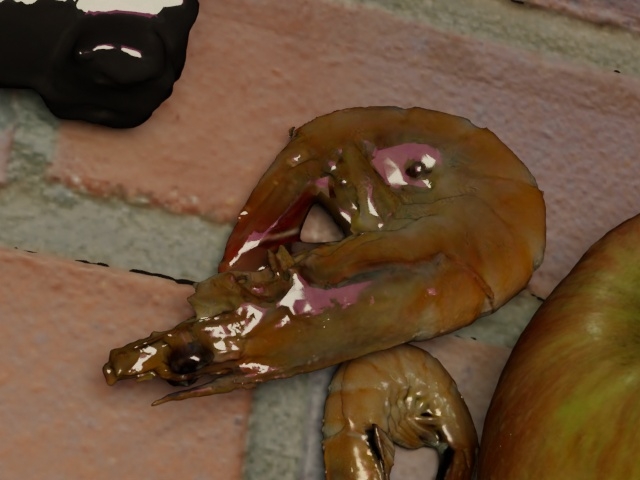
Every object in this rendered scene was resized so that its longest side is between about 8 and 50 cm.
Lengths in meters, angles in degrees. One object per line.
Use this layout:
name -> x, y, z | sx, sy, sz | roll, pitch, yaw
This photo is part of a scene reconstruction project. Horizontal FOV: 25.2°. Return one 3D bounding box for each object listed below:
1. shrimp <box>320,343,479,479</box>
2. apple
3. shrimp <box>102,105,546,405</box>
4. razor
shrimp -> 0.044, 0.135, 0.803 | 0.095, 0.045, 0.162 | 17, 64, -34
apple -> 0.234, 0.122, 0.743 | 0.309, 0.277, 0.250 | -37, 117, -5
shrimp -> 0.000, 0.000, 0.805 | 0.287, 0.063, 0.152 | -18, 71, -24
razor -> -0.220, -0.173, 0.765 | 0.327, 0.107, 0.189 | 11, 71, -15
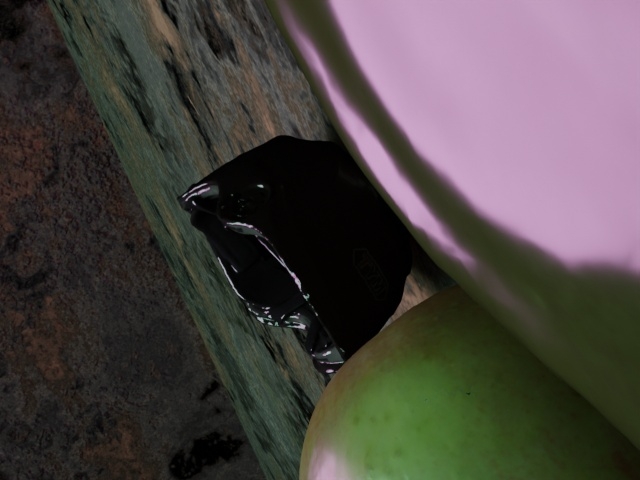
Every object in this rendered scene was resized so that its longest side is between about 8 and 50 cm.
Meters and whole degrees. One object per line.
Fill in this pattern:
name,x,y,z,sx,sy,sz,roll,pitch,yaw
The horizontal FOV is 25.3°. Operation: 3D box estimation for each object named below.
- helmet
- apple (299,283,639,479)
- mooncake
helmet,0.000,0.000,1.480,0.305,0.177,0.225,31,155,51
apple,0.152,0.177,1.007,0.277,0.319,0.319,56,166,30
mooncake,0.145,-0.147,0.468,0.467,0.262,0.467,54,163,25
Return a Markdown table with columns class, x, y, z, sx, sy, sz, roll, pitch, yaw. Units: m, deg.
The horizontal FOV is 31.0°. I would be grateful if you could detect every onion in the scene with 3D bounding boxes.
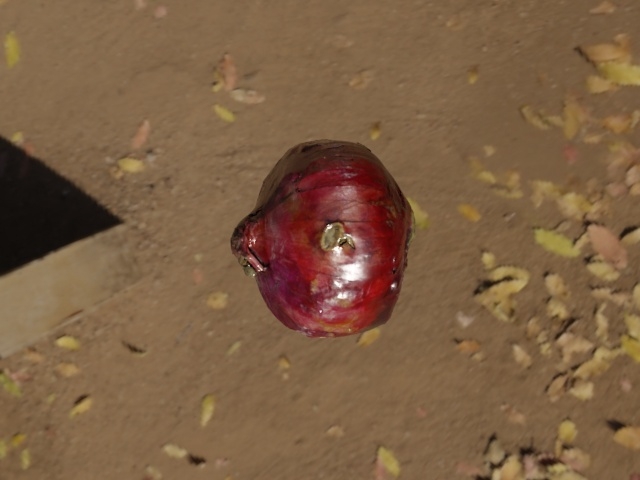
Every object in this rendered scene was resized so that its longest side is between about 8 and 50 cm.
| class | x | y | z | sx | sy | sz | roll | pitch | yaw |
| --- | --- | --- | --- | --- | --- | --- | --- | --- | --- |
| onion | 0.000 | 0.000 | 0.602 | 0.107 | 0.097 | 0.107 | 12 | 104 | 61 |

▶ REQUIRED ACTION: Each line in the records above that contains the word "below" must be copied.

▶ ANSWER SPACE:
This photo is part of a scene reconstruction project. Horizontal FOV: 25.2°. Return one 3D bounding box for each object listed below:
The horizontal FOV is 25.3°. Operation: 3D box estimation for each object named below.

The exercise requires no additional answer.